Fortunately, simulations have improved greatly over the past few years, thanks to advances in multiphysics systems that combine mechanical, fluid flow, heat transfer, and electromagnetic properties in a single model.
“That’s been the biggest thing,” said A realistic simulation to explore medical-device tissue interactions. Image: Arlen Ward, System Insight Engineering Arlen Ward, founder of System Insight Engineering. His firm specializes in simulations of tissue-device interactions.
“Five years ago, we were building solvers that could calculate how electromagnetic radiation damaged tissue,” Ward said. “COMSOL came to us and asked what we were doing and how we were doing it, then created functionality that could run in its multiphysics modeling software."
“We used to have to simplify properties until the results were barely useful, but commercial software is now much more robust,” Ward said.
Companies use those simulations to screen design options, save money on prototyping, and, increasingly, provide data to the Food & Drug Administration.
“It can cut months off medical device design time,” he said. “For big companies, getting to market faster could mean millions of dollars in sales. For smaller companies, it’s a way to stretch their budget.”
To do that, engineers must speak a language that surgeons can understand.
“It’s incumbent on you, the engineer, to present things in a way that’s understandable to the surgeons,” Ackerman said. “If you present a slide full of partial differential equations, don’t expect your pitch to go well.”
Most surgeons want to see tools and devices that have undergone animal testing, Hofferberth said. While models may simulate how design affects anatomy and physiology, surgeons want to know how things work on the surgical table.
“They will ask, ‘Have you tried it in an animal yet?’” she said. “You need to show that you’ve evaluated the device in an environment that looks like the actual physiologic setting.”
Most surgeons, del Nido said, do not like to stray from the way they learned to do things. That is why they refer to surgeries as “procedures.” To sell a new technology, engineers must answer how and why that procedure can be better.
Del Nido, Hammer, and Hofferberth are continuing to refine their design for the growth-accommodating valve. While they say plenty of work remains, they are confident that they will one day have a solution that can help infants put off surgery for a decade or more.

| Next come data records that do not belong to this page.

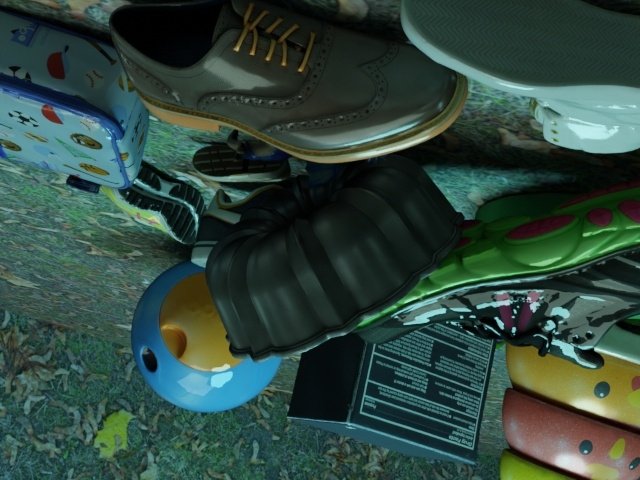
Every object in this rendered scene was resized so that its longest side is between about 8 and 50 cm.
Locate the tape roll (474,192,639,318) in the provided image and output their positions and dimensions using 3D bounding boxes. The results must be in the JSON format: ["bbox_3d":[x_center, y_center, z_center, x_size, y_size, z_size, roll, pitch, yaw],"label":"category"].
[{"bbox_3d":[0.362,0.026,1.578,0.321,0.077,0.321,12,165,3],"label":"tape roll"}]

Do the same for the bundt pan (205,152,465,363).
[{"bbox_3d":[0.000,0.000,1.398,0.330,0.331,0.124,-8,118,52],"label":"bundt pan"}]

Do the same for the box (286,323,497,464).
[{"bbox_3d":[0.130,0.200,1.978,0.296,0.294,0.182,24,161,-34],"label":"box"}]

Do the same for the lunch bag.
[{"bbox_3d":[-0.331,-0.160,1.396,0.243,0.115,0.303,15,164,-3],"label":"lunch bag"}]

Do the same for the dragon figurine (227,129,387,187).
[{"bbox_3d":[-0.017,-0.116,1.346,0.144,0.085,0.289,18,163,-19],"label":"dragon figurine"}]

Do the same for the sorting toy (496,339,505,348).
[{"bbox_3d":[0.346,0.162,2.117,0.102,0.061,0.042,-6,172,-23],"label":"sorting toy"}]

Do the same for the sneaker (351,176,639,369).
[{"bbox_3d":[0.242,0.072,1.376,0.482,0.202,0.185,-13,-163,31],"label":"sneaker"}]

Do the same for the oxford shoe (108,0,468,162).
[{"bbox_3d":[-0.041,-0.164,1.123,0.363,0.130,0.133,6,158,21],"label":"oxford shoe"}]

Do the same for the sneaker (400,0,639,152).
[{"bbox_3d":[0.194,-0.144,1.035,0.292,0.108,0.169,13,162,-8],"label":"sneaker"}]

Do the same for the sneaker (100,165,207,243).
[{"bbox_3d":[-0.257,-0.062,1.776,0.094,0.082,0.208,9,160,40],"label":"sneaker"}]

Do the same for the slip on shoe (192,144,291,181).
[{"bbox_3d":[-0.104,-0.099,1.553,0.135,0.051,0.041,-1,159,17],"label":"slip on shoe"}]

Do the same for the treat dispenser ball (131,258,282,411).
[{"bbox_3d":[-0.207,0.175,2.164,0.288,0.288,0.288,12,165,3],"label":"treat dispenser ball"}]

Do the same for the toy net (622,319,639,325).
[{"bbox_3d":[0.582,0.114,1.778,0.232,0.045,0.122,-2,159,43],"label":"toy net"}]

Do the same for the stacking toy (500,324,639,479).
[{"bbox_3d":[0.416,0.365,1.924,0.350,0.480,0.350,16,179,0],"label":"stacking toy"}]

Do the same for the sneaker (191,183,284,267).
[{"bbox_3d":[-0.025,-0.012,1.654,0.321,0.128,0.126,6,165,16],"label":"sneaker"}]
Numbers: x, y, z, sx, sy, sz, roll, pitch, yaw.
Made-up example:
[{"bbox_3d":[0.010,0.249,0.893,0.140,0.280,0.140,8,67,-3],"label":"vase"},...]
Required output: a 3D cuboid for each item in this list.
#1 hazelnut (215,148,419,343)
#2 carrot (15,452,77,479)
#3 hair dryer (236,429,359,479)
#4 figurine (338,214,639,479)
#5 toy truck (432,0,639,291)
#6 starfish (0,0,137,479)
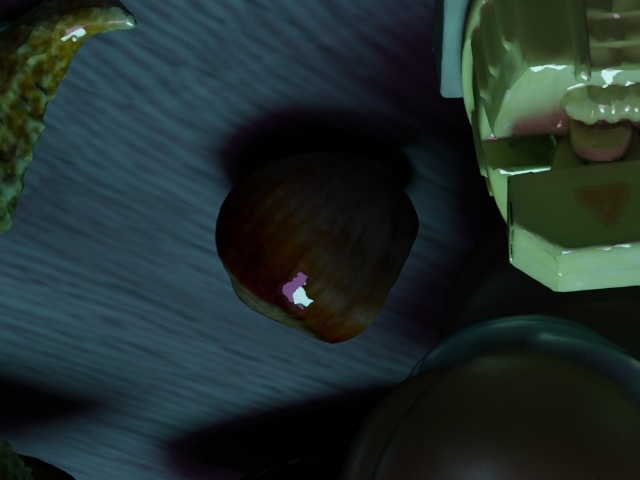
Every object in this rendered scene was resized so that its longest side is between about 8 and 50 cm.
[{"bbox_3d":[0.000,0.000,0.709,0.086,0.086,0.086,-2,146,-1],"label":"hazelnut"},{"bbox_3d":[-0.267,0.176,0.806,0.341,0.241,0.241,27,136,-29],"label":"carrot"},{"bbox_3d":[0.077,0.187,1.006,0.304,0.120,0.359,-17,157,-4],"label":"hair dryer"},{"bbox_3d":[0.207,0.084,0.693,0.388,0.248,0.276,-1,149,6],"label":"figurine"},{"bbox_3d":[0.176,-0.053,0.563,0.272,0.157,0.124,-2,146,0],"label":"toy truck"},{"bbox_3d":[-0.229,0.056,0.616,0.358,0.078,0.347,-7,108,-8],"label":"starfish"}]
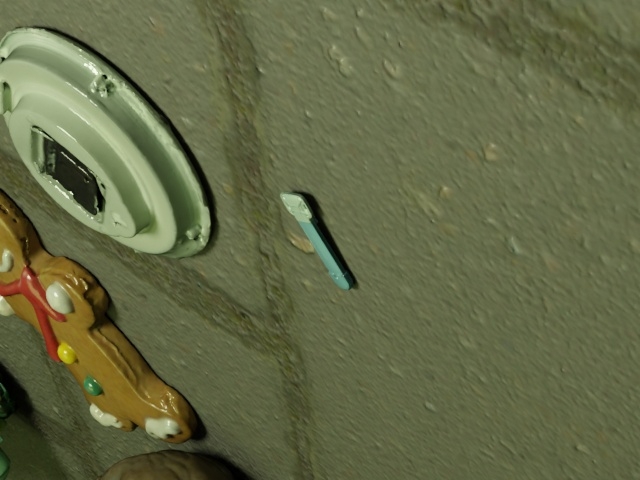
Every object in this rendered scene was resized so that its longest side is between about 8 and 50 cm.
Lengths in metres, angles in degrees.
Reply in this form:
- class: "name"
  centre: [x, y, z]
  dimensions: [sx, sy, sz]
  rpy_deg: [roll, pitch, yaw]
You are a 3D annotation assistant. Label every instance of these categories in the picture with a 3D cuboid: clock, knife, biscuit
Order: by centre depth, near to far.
- class: "knife"
  centre: [0.000, 0.000, 1.267]
  dimensions: [0.027, 0.010, 0.096]
  rpy_deg: [11, 140, 48]
- class: "clock"
  centre: [-0.189, -0.066, 1.403]
  dimensions: [0.236, 0.053, 0.236]
  rpy_deg: [35, 151, 22]
- class: "biscuit"
  centre: [-0.268, 0.074, 1.732]
  dimensions: [0.216, 0.047, 0.340]
  rpy_deg: [0, 129, 55]

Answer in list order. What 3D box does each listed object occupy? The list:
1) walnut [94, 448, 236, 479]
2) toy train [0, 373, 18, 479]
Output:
- class: "walnut"
  centre: [-0.147, 0.312, 1.736]
  dimensions: [0.224, 0.224, 0.224]
  rpy_deg: [35, 152, 21]
- class: "toy train"
  centre: [-0.546, 0.129, 2.094]
  dimensions: [0.442, 0.179, 0.272]
  rpy_deg: [52, 162, -13]
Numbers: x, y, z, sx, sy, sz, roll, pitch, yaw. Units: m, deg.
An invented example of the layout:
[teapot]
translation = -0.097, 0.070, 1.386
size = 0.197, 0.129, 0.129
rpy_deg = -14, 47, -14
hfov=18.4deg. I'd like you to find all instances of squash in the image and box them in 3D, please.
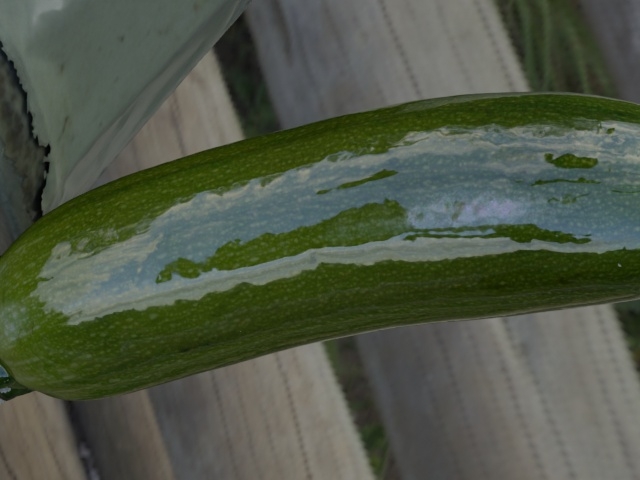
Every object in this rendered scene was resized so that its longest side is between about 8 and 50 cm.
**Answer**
[squash]
translation = 0.000, 0.000, 0.577
size = 0.258, 0.069, 0.069
rpy_deg = -11, 61, 18

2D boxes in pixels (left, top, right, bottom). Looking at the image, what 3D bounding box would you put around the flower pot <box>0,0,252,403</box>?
[flower pot]
translation = -0.147, -0.119, 0.757
size = 0.290, 0.290, 0.259
rpy_deg = 36, 57, 9
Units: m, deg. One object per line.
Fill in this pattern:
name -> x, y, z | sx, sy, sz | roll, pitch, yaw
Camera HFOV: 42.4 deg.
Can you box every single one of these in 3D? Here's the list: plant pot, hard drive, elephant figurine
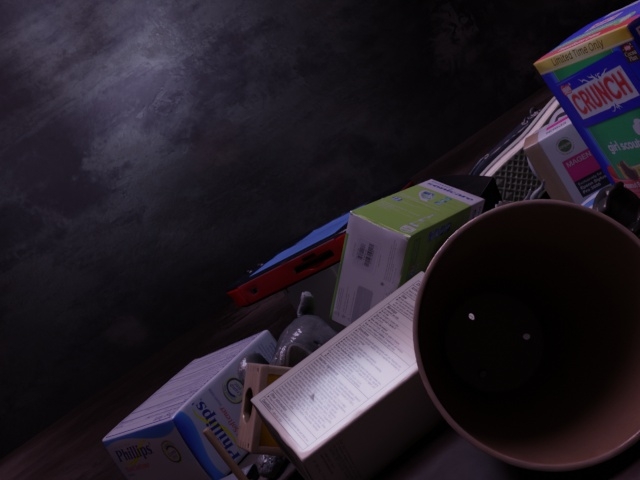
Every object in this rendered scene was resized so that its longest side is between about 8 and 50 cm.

They also believe they are inventing a new model for engineers to work with physicians: “We have a close interface between the surgeons and engineers in our group and a lot of open communication,” Hofferberth said. “That constant feedback loop is our project’s greatest strength. It is why I believe that we will come up with a design that will translate into clinical practice.”
Many more new surgical tools fail than succeed, del Nido said. Yet he believes that if doctors can open their eyes to what new technologies offer, both they and their patients will win.
“We surgeons tend to do what we were taught when we trained,” he said. “Yet there are many ways to make what we do even better for our patients.
“But to do it, you need people who understand the technology. You need people who understand the clinical applications. You need engineers and surgeons—and a lot of hard work—to get where you want to go.”
And for engineers, that means setting up shop “in the room where it happens.”